Deneme, Avrupa edebiyatında Fransız Montaigne ile başladı. Türk edebiyatında ise Tanzimat sonrasında özellikle de Servet-i Fünûn döneminde karşımıza çıkar. Ancak asıl gelişmesini Cumhuriyet döneminde gerçekleştirir. Günümüzde deneme en sevilen türlerden biridir.
Eskiden denemeye verilen “muhasebe” ismi, onun konusu hakkında bir ipucu vermektedir. Çünkü denemeler toplumsal konulardan daha çok kişisel: konulara, soyut dünyalara ve iç hesaplaşmalara daha yakındır. Bu yönüyle fıkra türünden ayrılır. Fıkralar toplumsal konulara kişisel yaklaşımlar getirirken deneme iç dünyanın samimi itirafı gibidir.

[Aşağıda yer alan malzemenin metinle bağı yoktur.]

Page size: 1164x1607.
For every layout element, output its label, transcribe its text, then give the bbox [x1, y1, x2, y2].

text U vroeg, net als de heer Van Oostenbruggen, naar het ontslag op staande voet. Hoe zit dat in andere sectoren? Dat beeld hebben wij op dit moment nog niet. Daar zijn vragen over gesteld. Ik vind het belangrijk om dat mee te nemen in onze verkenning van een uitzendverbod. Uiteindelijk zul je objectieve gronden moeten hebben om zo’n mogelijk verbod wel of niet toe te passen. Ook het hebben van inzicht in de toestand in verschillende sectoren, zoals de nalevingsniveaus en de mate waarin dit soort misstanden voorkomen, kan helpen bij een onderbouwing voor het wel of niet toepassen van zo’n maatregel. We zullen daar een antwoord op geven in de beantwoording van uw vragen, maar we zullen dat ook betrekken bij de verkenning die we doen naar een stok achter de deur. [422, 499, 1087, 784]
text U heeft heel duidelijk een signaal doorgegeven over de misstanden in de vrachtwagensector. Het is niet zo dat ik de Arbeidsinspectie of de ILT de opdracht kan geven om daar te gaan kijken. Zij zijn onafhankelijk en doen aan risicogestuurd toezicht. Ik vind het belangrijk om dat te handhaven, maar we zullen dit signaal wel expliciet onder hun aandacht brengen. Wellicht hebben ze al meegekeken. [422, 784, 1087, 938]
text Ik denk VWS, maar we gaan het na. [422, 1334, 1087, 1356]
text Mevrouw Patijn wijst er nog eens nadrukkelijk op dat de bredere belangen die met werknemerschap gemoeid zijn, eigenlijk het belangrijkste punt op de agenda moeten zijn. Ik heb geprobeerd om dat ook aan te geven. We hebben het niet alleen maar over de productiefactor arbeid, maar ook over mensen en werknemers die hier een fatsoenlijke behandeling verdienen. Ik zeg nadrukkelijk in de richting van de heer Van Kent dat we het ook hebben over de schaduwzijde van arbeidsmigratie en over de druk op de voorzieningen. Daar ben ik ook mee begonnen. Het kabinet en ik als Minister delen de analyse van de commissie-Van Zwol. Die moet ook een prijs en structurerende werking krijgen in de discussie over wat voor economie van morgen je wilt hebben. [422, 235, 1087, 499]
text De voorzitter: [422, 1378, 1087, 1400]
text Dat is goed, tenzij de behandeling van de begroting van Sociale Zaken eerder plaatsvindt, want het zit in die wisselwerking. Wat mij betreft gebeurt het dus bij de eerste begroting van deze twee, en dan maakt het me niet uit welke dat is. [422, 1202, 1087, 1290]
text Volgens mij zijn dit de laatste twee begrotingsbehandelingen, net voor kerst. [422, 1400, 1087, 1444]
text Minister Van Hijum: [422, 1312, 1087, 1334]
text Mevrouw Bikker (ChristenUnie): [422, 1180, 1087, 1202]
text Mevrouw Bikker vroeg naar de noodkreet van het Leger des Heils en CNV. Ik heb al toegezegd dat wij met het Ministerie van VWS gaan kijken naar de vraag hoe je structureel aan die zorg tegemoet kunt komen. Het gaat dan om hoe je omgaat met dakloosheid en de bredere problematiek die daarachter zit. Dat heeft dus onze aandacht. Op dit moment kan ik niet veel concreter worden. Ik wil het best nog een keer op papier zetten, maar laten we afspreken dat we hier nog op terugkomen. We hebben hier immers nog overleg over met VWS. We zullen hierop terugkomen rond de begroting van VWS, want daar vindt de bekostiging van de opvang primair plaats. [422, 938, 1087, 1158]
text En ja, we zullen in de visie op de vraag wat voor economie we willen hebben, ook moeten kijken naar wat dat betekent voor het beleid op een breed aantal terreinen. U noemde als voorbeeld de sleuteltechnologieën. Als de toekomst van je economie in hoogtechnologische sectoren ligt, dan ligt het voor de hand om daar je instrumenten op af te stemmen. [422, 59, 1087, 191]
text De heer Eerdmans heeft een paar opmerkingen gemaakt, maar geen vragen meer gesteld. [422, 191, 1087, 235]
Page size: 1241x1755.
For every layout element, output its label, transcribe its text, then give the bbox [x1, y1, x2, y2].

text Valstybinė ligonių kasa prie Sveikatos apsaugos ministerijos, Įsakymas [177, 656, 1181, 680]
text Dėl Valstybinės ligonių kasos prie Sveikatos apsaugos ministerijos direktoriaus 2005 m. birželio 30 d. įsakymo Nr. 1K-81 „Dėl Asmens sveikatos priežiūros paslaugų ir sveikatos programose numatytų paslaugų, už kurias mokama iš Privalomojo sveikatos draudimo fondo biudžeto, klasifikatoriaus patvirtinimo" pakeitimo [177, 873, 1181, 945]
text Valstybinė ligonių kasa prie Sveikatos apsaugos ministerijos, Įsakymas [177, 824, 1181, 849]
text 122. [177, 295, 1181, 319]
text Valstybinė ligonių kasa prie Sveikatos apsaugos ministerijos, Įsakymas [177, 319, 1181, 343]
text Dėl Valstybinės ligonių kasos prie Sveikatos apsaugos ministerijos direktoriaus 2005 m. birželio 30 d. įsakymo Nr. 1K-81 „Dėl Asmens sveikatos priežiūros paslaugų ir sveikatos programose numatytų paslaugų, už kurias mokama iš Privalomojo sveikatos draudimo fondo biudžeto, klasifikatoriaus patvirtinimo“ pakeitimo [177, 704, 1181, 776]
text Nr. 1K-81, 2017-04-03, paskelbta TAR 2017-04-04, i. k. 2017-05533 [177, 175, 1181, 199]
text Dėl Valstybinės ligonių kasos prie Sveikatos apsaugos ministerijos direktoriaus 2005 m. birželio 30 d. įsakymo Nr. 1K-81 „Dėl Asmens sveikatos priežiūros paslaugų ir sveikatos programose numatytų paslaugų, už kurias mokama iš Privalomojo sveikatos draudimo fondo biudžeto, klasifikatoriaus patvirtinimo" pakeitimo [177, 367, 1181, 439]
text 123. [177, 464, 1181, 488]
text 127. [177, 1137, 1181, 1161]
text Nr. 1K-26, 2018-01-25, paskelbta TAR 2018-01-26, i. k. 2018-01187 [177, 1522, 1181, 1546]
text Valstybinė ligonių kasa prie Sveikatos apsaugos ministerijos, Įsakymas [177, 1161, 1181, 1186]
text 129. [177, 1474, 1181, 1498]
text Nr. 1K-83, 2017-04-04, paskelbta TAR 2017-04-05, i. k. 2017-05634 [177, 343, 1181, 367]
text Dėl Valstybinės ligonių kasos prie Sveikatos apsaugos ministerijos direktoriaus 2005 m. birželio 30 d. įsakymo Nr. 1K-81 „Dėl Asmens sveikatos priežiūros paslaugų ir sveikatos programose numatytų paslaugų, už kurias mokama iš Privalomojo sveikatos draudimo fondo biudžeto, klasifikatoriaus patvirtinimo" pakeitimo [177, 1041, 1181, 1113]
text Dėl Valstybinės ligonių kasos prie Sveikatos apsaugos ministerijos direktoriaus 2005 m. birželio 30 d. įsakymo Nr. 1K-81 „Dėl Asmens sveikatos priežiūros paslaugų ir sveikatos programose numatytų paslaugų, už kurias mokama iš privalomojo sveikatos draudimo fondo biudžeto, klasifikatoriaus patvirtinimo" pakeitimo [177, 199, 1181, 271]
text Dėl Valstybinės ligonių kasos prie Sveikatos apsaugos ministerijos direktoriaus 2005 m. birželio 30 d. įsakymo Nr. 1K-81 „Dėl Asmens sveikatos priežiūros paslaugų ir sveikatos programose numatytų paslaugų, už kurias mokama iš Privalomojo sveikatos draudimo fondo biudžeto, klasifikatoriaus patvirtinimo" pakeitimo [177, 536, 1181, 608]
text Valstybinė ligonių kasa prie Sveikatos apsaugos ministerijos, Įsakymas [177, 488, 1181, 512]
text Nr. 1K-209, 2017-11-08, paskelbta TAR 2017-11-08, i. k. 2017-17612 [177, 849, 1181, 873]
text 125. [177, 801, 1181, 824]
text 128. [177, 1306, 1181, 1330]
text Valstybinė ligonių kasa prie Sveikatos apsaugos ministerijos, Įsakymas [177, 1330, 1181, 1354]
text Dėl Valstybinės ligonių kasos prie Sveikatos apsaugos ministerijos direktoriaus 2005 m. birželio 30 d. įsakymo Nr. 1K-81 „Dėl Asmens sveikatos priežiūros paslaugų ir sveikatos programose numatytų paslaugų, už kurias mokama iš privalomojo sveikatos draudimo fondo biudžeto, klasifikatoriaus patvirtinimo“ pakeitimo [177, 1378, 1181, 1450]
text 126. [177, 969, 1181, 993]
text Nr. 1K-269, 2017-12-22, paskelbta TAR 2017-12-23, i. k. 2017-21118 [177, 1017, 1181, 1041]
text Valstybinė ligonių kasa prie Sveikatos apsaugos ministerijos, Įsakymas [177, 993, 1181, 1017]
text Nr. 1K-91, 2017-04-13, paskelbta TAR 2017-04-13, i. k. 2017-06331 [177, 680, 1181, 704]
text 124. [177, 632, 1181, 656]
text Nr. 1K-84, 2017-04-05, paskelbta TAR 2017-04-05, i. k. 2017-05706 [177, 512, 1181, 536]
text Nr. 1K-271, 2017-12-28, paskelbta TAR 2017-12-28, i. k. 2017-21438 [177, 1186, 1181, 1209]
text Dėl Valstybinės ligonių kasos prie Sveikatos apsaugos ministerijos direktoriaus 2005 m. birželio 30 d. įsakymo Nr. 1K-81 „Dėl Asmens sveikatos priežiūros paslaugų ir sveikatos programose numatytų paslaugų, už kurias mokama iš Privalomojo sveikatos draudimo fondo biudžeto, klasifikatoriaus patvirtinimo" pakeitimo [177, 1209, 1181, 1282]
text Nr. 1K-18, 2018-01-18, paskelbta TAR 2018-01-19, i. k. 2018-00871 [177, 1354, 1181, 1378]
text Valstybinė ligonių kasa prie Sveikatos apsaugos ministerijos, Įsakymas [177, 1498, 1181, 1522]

Denemeye özgü bir konu türü yoktur. Özgürce seçilen bir konuda, yazarın kendi kendiyle konuşma havası içinde yazdığı yazı türüdür. Yazının konusu yazarın o anda aklına geliveren bir konu görünümündedir. Öğretici ve düşünsel yanı da vardır.
Denemenin belirleyici özellikleri nelerdir?
• Makale gibi düşünsel plânla yazılır. Fakat makaleden kısa yazılardır.
• Yazar anlattıklarını kanıtlamak zorunda değildir. Bilimselden çok kişisel görüşünü açıklar, okuyucusunu kendisi gibi düşündürme kaygısı yoktur.
• Günübirlik yazılardır, en beğenileni bile birkaç gün sonra unutulur.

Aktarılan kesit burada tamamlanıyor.